A: Solar Systems (http://www.solarsystems.com.au/) in Australia has developed such a system. They have used Spectrolab cells (http://www.spectrolab.com/) and active cooling.

 

Q: What materials are used to make the freeform secondary optics?

A: Glass is preferred in general. Plastic is a secondary candidate, because of possible degradation due to high radiation. Hollow secondaries can also be used made of conformed reflective metallic foils.

 

Q: What are the major technical barriers in making a quantum leap towards the thermodynamic limit of 86% and the current efficiencies of 27%?

A: It has to be considered the fact that 86% limit assumes a perfect optic system (100% efficient) and infinite cell junctions. In practice, we can increase the number of junctions, but the spectrum sensitivity increases too following daily and annual fluctuations if the cells are series connected. So it makes no sense going further 4 to 5 junctions. Reaching 50% efficiency cell is expected for the coming years but just with 1 or 2 additional junctions, no more. Spectral sensitivity can be improved in the future by making one of the junctions use the principle of Intermediate Band Solar cells (Luque et al), which in principle can behave as three equivalent junctions, one in parallel with the other two in series connection.

 

Q: What are the biggest technical hurdles that you see for CPV right now?

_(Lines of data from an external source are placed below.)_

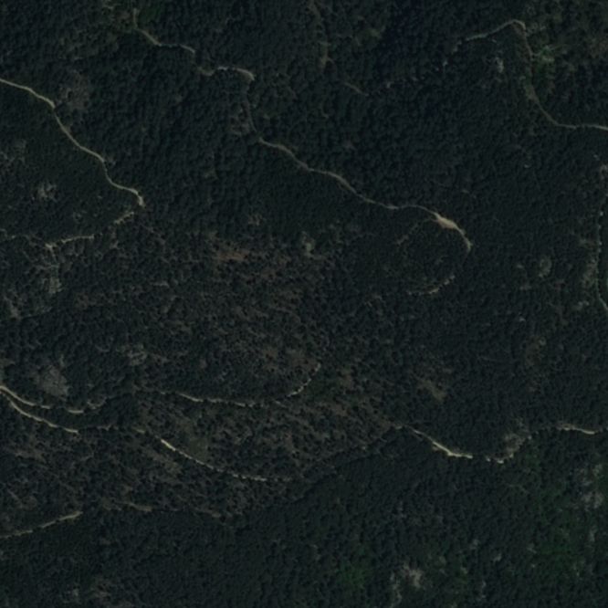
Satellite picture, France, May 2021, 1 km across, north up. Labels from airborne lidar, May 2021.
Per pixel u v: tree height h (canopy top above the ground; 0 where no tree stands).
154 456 0
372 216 14
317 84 36
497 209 20
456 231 11
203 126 21
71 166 8
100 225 7
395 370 25
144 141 32
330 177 7
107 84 25
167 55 32
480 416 23
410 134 27
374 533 28
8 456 19
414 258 11
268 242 30
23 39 25
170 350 23
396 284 14
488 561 17
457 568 9
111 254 17
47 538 10
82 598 9
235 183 24
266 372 28
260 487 24
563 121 15
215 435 29
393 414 26
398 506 14
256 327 30
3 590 18
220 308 33
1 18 19
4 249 22
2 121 20
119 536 28
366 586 10
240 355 20
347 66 34
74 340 24
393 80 33
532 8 8
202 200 19
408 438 25
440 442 6
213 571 34
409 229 14
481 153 16
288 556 29
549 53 9
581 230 17
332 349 35
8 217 18
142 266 17
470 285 19
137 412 28
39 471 26
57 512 9
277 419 29
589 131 10
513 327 20
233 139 27
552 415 20
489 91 16
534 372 18
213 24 25
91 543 11
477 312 13
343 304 27
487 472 24
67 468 30
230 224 13
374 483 29
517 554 27
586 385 22
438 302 20
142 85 21
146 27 23
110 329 22
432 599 7
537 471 25
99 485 30
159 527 25
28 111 14
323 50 30
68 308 21
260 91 32
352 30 23
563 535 17
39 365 16
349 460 33
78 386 23
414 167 27
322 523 17
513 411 22
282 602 22
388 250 14
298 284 35
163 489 29
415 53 34
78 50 18
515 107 17
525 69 10
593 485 13
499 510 21
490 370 23
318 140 33
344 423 34
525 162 19
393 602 11
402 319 20
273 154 14
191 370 25
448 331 25
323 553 30
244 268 33
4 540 12
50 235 12
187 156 22
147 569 30
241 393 24
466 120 21
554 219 15
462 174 25
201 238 21
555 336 15
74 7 17
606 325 14
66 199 17
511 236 16
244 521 31
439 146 29
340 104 32
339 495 33
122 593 28
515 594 9
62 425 22
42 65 22
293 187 17
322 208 13
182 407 20
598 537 20
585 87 37
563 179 20
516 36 8
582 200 16
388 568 12
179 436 30
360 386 30
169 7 32
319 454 32
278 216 10
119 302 22
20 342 19
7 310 24
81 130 19
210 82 30
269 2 28
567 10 9
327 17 31
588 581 10
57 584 15
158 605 32
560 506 29
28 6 22
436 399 26
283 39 25
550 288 19
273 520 33
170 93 23
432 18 29
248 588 28
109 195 10
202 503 28
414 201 26
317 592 9
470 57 27
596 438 8
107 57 15
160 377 25
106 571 29
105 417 26
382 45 21
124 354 11
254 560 33
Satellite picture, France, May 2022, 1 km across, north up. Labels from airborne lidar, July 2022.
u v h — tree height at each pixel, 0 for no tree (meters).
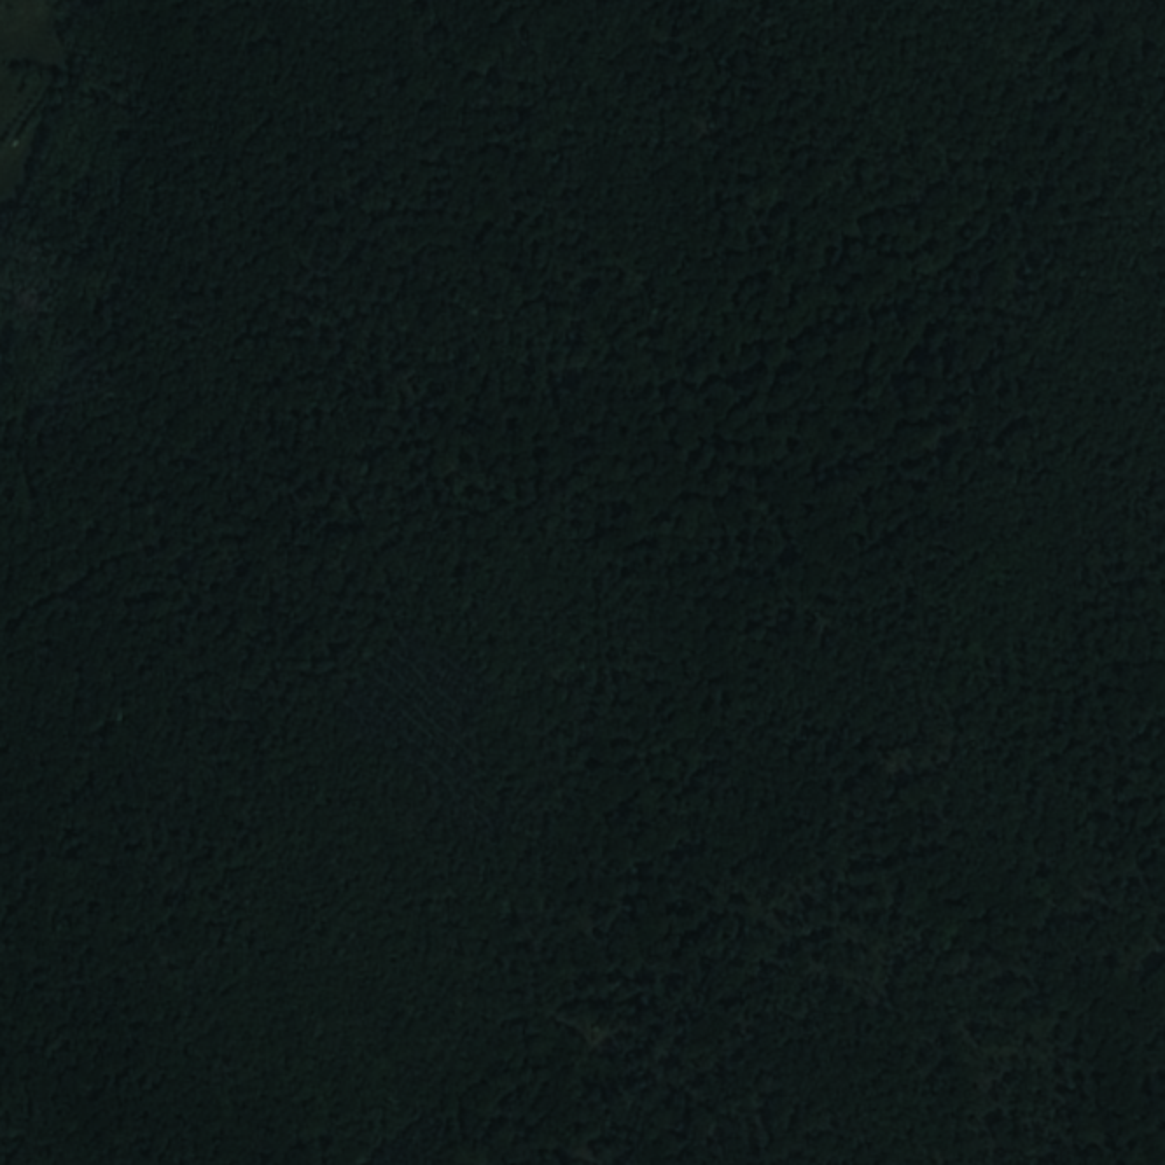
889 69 12
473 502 22
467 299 16
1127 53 19
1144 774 20
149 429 18
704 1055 21
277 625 16
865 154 16
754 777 17
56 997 19
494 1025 18
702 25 17
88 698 20
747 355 26
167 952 18
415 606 12
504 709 12
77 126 21
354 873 11
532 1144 21
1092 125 19
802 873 20
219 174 16
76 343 19
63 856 14
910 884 20
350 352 21
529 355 12
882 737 16
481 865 13
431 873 14
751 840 18
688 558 19
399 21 18
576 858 21
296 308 23
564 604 11
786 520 27
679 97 21
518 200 24
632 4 16
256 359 18
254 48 17
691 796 25
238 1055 12
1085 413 12
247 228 22
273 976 11
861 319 22
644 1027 23
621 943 28
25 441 21
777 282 19
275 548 11
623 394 15
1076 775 17
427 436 23
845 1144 16
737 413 28
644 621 17
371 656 13
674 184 20
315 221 22
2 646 17
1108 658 17
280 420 17
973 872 19
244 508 23
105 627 20
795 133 22
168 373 20
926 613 18
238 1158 21
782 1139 20
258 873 13
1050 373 16
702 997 20
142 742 19
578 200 18
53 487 18
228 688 20
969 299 29
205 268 22
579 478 26
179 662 20
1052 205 20
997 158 22
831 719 19
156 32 20
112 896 17
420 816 9
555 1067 26
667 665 21
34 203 16
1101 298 15
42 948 20
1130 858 19
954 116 17
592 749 23
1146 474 13
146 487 23
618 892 28
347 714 19
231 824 16
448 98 17
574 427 27
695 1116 21
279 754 18
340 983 13
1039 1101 16
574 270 21
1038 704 15
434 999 16
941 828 23
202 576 18
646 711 18
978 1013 14
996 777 15
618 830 27
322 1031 9
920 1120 15
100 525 17
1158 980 24
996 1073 12
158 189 18
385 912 11
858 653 13
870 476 26
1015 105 19
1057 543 15
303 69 16
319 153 20
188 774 19
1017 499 15
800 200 20
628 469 25
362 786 11
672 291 21
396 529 9
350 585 20
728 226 23
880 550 17
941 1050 19
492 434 29
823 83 15
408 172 18
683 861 23
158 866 17
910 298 20
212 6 16
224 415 18
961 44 16
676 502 28
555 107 20
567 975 17
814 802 18
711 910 27
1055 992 24
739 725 17
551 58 17
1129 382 12
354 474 16
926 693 16
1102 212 16
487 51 21
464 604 19
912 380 26
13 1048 21
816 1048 20
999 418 20
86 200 24
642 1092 21
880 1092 12
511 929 18
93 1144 19
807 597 24
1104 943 23
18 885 20
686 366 14
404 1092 17
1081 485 11
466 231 8
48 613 17
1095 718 16
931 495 21
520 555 15
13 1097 17
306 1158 23
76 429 17
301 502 23
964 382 24
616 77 17
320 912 14
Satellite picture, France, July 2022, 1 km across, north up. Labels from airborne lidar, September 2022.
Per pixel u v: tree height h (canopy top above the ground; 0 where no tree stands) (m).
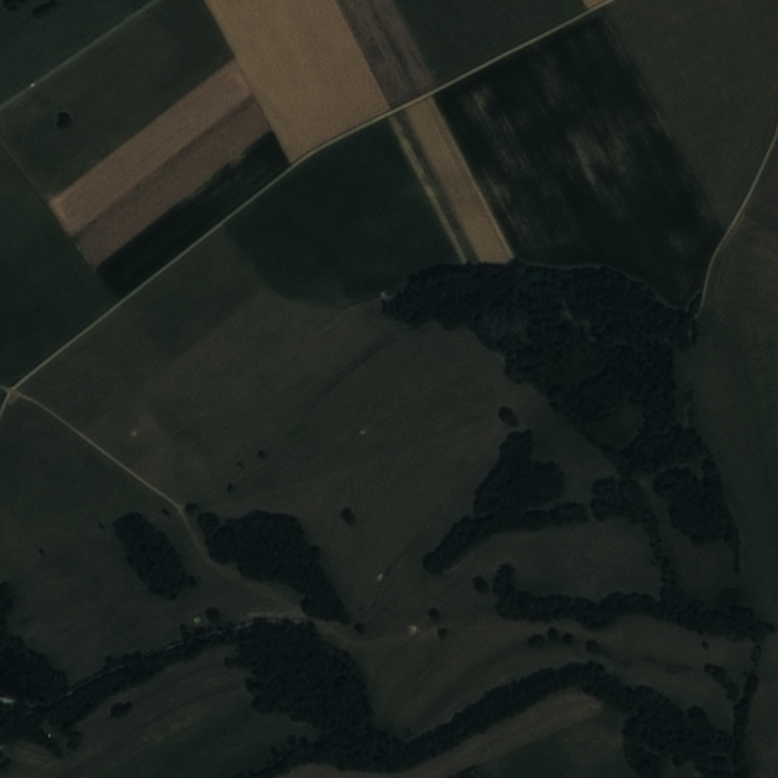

A: We think that CPV has now a unique opportunity to succeed. Concentration cells have reached a very high efficiency and a sufficient maturity level. Optics have also reached a top level with the new high-concentration, high-tolerance designs that we have done. Trackers have also reached a satisfactory level of development.

The biggest technical hurdle now is to prove that CPV is suitable for mass-production. For this goal, a wide concentrator tolerance angle will be the key to success.

 

 

Q: From the point of view of the power converter (inverter) does CPV have any particularities to be considered?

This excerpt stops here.